= Aron Schvartzman =

Argentine chess player (1908–2013)

Aron Schvartzman (also written as Aarón Schvartzman and Aron Schwartzman) (2 December 1908 - 15 January 2013) was an Argentine chess master who was prominent in chess tournaments of the 1930s and 1940s.

Between 1933 and 1949, Schvartzman was a participant in numerous Argentine Chess Championships. In 1933, he took 3rd (ARG-ch 12 Mayor; Luis Piazzini won). In 1935, he took 3rd (ARG-ch 14 Mayor; Jacobo Bolbochán won). In 1936, he tied for 3rd-5th (ARG-ch 15 Mayor; Carlos Guimard won). In 1937, he tied for 4-6th (ARG-ch 16 Mayor; Jacobo Bolbochán again won).

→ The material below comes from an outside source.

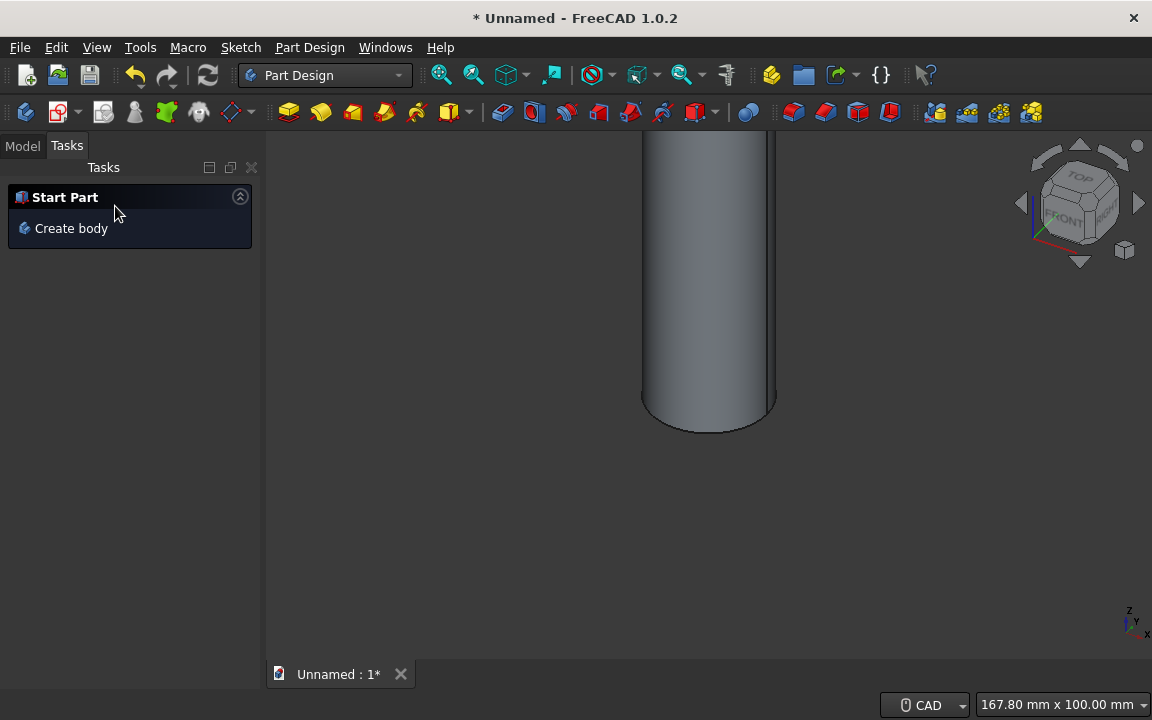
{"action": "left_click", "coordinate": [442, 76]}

He won, ahead of Roberto Grau, at Mar del Plata 1934, and took 2nd, behind Isaías Pleci at Mar del Plata 1936. In the period from 1931 to 1948, he was a champion of Club Argentino de Ajedrez in Buenos Aires.

Schvartzman retired from chess competition at the end of 1949 to pursue a profession as a physician. He had occasionally reappeared at chess events.